All that matters to me, at this moment, is that my son is okay, and that he’s not in any danger. I’ll do what I can to persuade the police not to charge you. I won’t cooperate if they want me to testify.”

“I made him a late dinner,” Gretchen said, not hearing me. “He settled down after a while, and I made him some macaroni and cheese.”

“He likes that.”

“I knew I was going to have to call you. I was going to do it in the morning. But I knew you wouldn’t be able to sleep, not knowing where he was, so I decided to call when I did.”

“I’m glad.” I took my hand off hers. “I’d like to get my son now.”

“You’d be welcome to sleep on the couch again, go in the morning.”

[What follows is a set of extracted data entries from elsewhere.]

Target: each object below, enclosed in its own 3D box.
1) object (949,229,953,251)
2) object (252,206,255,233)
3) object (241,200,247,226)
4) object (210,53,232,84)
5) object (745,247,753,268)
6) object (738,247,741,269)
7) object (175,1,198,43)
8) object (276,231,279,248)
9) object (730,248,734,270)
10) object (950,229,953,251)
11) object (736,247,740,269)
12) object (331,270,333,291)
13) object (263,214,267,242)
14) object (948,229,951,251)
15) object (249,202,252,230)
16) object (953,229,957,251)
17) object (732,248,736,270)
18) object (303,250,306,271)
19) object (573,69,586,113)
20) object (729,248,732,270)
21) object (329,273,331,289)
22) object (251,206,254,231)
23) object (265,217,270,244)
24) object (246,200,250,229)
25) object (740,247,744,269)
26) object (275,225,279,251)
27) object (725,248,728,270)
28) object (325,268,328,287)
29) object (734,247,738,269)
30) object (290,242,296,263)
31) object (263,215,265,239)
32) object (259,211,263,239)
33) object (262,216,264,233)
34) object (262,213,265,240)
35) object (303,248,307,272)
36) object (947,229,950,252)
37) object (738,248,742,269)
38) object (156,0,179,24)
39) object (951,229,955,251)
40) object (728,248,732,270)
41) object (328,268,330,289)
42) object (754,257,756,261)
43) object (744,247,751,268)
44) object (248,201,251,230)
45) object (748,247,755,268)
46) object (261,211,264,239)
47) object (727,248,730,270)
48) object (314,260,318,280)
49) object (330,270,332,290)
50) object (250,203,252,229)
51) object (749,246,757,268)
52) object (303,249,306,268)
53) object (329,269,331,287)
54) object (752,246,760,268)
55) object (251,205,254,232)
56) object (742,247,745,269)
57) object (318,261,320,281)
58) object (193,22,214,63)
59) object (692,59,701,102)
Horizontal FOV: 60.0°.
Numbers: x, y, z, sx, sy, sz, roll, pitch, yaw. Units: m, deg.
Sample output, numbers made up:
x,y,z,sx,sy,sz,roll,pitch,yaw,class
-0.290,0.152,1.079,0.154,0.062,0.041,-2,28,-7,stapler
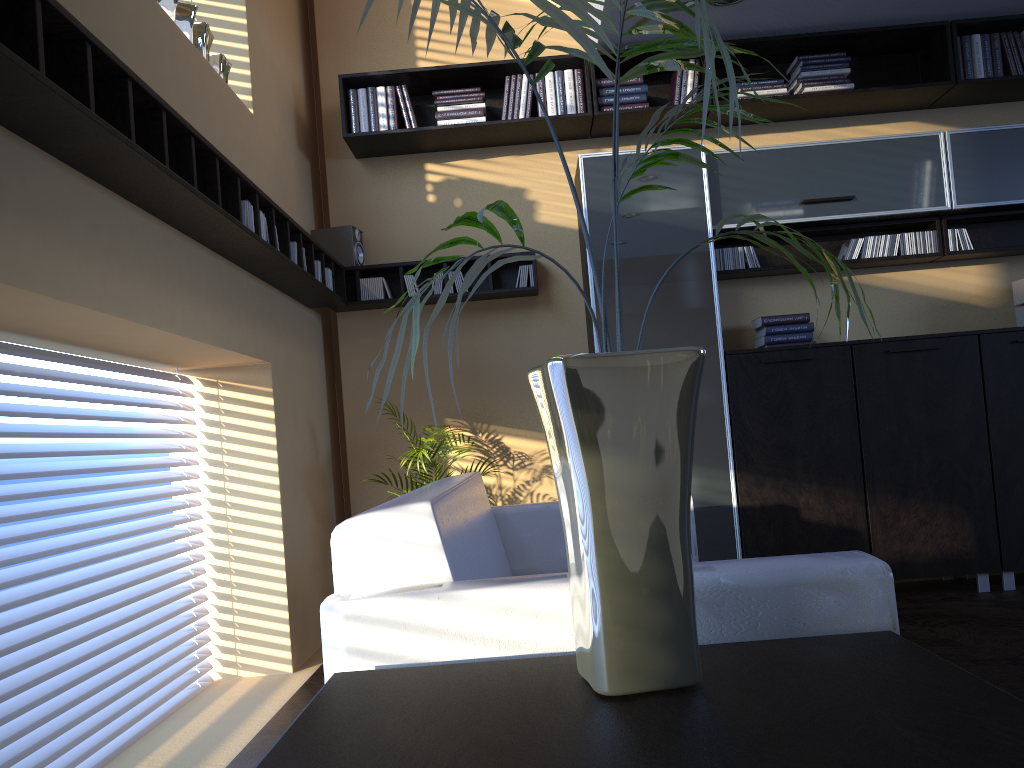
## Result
x,y,z,sx,sy,sz,roll,pitch,yaw,class
2.372,-0.772,4.857,0.009,0.120,0.142,-5,-3,1,object
-1.031,-0.598,3.299,0.140,0.118,0.006,-5,-2,1,object
-1.031,-0.603,3.203,0.142,0.118,0.040,-5,-2,1,object
-1.270,-1.314,3.799,0.117,0.149,0.124,-5,-3,1,object
1.288,-0.683,4.877,0.030,0.120,0.142,-5,-3,1,object
1.237,-0.679,4.876,0.006,0.118,0.140,-5,-3,1,object
-1.283,-1.351,3.393,0.137,0.173,0.144,-2,-4,-39,object
-1.022,-0.578,3.601,0.140,0.116,0.036,-5,-2,1,object
1.197,-0.675,4.882,0.009,0.120,0.142,-5,-3,1,object
2.372,-0.772,4.855,0.006,0.118,0.140,-5,-3,1,object
1.227,-0.678,4.877,0.009,0.120,0.142,-5,-3,1,object
-0.994,-0.520,4.555,0.142,0.120,0.009,-5,-2,1,object
-1.023,-0.590,3.427,0.142,0.120,0.009,-5,-2,1,object
2.362,-0.771,4.852,0.006,0.118,0.140,-5,-3,1,object
-1.029,-0.601,3.248,0.142,0.120,0.009,-5,-2,1,object
2.392,-0.773,4.858,0.009,0.120,0.142,-5,-3,1,object
1.207,-0.676,4.880,0.009,0.120,0.142,-5,-3,1,object
-1.009,-0.553,4.009,0.142,0.120,0.030,-5,-2,1,object
0.367,-1.554,4.851,0.050,0.258,0.208,-5,-3,1,object
1.187,-0.675,4.876,0.006,0.118,0.140,-5,-3,1,object
-0.997,-0.522,4.514,0.142,0.120,0.009,-5,-2,1,object
-1.032,-0.598,3.289,0.142,0.120,0.009,-5,-2,1,object
-1.026,-0.586,3.471,0.142,0.118,0.040,-5,-2,1,object
-1.029,-0.603,3.228,0.142,0.120,0.009,-5,-2,1,object
1.247,-0.680,4.876,0.009,0.120,0.142,-5,-3,1,object
-1.023,-0.578,3.601,0.142,0.118,0.040,-5,-2,1,object
1.167,-0.673,4.878,0.006,0.118,0.140,-5,-3,1,object
-1.000,-0.523,4.470,0.142,0.118,0.040,-5,-2,1,object
1.217,-0.677,4.877,0.009,0.120,0.142,-5,-3,1,object
-1.016,-0.560,3.877,0.142,0.118,0.040,-5,-2,1,object
-1.026,-0.591,3.417,0.142,0.120,0.009,-5,-2,1,object
-1.024,-0.593,3.376,0.142,0.120,0.009,-5,-2,1,object
-1.026,-0.591,3.406,0.142,0.120,0.009,-5,-2,1,object
-1.024,-0.591,3.407,0.140,0.118,0.006,-5,-2,1,object
-1.008,-0.552,4.030,0.140,0.117,0.026,-5,-2,1,object
2.362,-0.771,4.857,0.009,0.120,0.142,-5,-3,1,object
1.237,-0.679,4.879,0.009,0.120,0.142,-5,-3,1,object
-1.283,-1.356,3.213,0.126,0.159,0.133,-6,-3,21,object
2.382,-0.773,4.853,0.009,0.120,0.142,-5,-3,1,object
1.187,-0.675,4.878,0.009,0.120,0.142,-5,-3,1,object
-0.998,-0.523,4.504,0.142,0.120,0.009,-5,-2,1,object
1.324,-0.684,4.882,0.036,0.116,0.140,-5,-3,1,object
1.278,-0.682,4.876,0.026,0.117,0.140,-5,-3,1,object
-1.028,-0.602,3.238,0.142,0.120,0.009,-5,-2,1,object
1.298,-0.683,4.880,0.030,0.120,0.142,-5,-3,1,object
-1.022,-0.593,3.386,0.142,0.120,0.009,-5,-2,1,object
1.177,-0.674,4.876,0.006,0.118,0.140,-5,-3,1,object
-1.009,-0.535,4.277,0.142,0.118,0.040,-5,-2,1,object
-0.995,-0.520,4.545,0.142,0.120,0.009,-5,-2,1,object
-1.029,-0.601,3.258,0.142,0.120,0.009,-5,-2,1,object
1.309,-0.685,4.873,0.030,0.120,0.142,-5,-3,1,object
-1.013,-0.552,4.029,0.142,0.120,0.030,-5,-2,1,object
-0.994,-0.522,4.514,0.140,0.118,0.006,-5,-2,1,object
1.324,-0.685,4.876,0.040,0.118,0.142,-5,-3,1,object
-1.031,-0.599,3.289,0.140,0.118,0.006,-5,-2,1,object
1.257,-0.680,4.880,0.009,0.120,0.142,-5,-3,1,object
-1.004,-0.535,4.302,0.140,0.117,0.026,-5,-2,1,object
-1.276,-1.340,3.572,0.137,0.173,0.144,-4,-3,-9,object
0.989,-1.605,4.844,0.075,0.259,0.208,-5,-3,1,object

“Thank you for the offer,” I said, “but no.”

Gretchen led me upstairs. I sat on the edge of the bed. Ethan stirred, rolled over.

“Ethan,” I whispered, touching his shoulder gently. “Ethan.”

He opened his eyes slowly, blinked a couple of times to adjust for the light spilling in from the hall.

“Hi, Dad,” he said.

“Time to go,” I said.

“Back to our house?” he said hopefully.

“Not for a while yet,” I said. Maybe never. “Probably Nana and Poppa’s. But I’m going to be with you.”

I pulled back the covers. He was still dressed, his shoes on the floor next to the bed.

“I didn’t have any pajamas for him,” Gretchen said apologetically.

I nodded. As I helped Ethan sit up, Gretchen handed me his shoes. While I was slipping them on his feet and securing them with the Velcro straps, he said, “That’s Aunt Gretchen.”

“That’s right,” I said.

“She picked me up at Nana’s.”

“I hear she made you macaroni and cheese.”

“Yup.”

Once I had his shoes on, I picked him up, let him rest his head on my shoulder, and went back downstairs.

“I hope Horace will be okay,” I said as Gretchen opened the door for me.

“Thank you,” she said. “But you just worry about your boy.” She patted Ethan on the head. “Bye-bye.”

“Bye, Aunt Gretchen,” he said, rubbing his eyes.

I carried him to Dad’s car and belted him into the safety seat in the back. I was about to turn the key when Ethan asked, “Did you find Mommy?”

“Yes,” I said.

“Is she home?” he asked.

I took my hand away from the key, got out of the front seat and into the back. I closed the door behind me and snuggled in close to Ethan, taking his hands into mine.

“No,” I said. “She’s gone away. She won’t be coming back to us. But you have to know she loves you more than life itself.”

“Is she mad at me?” he asked.

“No, of course not,” I said. “She could never be mad at you.” I paused, then found the words I wanted. “The last thing she did, she did for you.”

Ethan nodded tiredly, cried a little, then yawned and fell back asleep. I kept holding him. We were still there like that when the sun came up.